▶ [Work to be completed]:
Please return the lines below verbatim, beginning at the one that has "name: (x, y, z);" and stopping after the one that has "- person [369,573,404,689]", and add no other lines.

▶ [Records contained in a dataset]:
↓

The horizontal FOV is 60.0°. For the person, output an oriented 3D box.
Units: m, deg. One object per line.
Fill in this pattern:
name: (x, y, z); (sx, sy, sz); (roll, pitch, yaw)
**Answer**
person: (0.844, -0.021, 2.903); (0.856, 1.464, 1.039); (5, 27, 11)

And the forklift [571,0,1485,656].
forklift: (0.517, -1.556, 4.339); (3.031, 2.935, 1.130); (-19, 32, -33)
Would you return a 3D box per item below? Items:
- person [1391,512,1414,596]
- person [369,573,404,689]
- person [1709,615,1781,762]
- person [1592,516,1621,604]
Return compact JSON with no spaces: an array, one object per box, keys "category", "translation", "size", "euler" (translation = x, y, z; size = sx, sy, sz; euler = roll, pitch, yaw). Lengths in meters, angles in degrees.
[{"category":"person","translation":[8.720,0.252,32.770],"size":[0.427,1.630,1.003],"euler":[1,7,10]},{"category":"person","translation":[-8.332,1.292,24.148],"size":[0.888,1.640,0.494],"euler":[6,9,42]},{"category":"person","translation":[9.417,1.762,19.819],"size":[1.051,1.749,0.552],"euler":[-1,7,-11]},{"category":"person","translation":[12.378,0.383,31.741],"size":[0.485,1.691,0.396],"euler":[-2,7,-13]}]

↑

▶ [Answer space]:
name: (x, y, z); (sx, sy, sz); (roll, pitch, yaw)
**Answer**
person: (0.844, -0.021, 2.903); (0.856, 1.464, 1.039); (5, 27, 11)

And the forklift [571,0,1485,656].
forklift: (0.517, -1.556, 4.339); (3.031, 2.935, 1.130); (-19, 32, -33)
Would you return a 3D box per item below? Items:
- person [1391,512,1414,596]
- person [369,573,404,689]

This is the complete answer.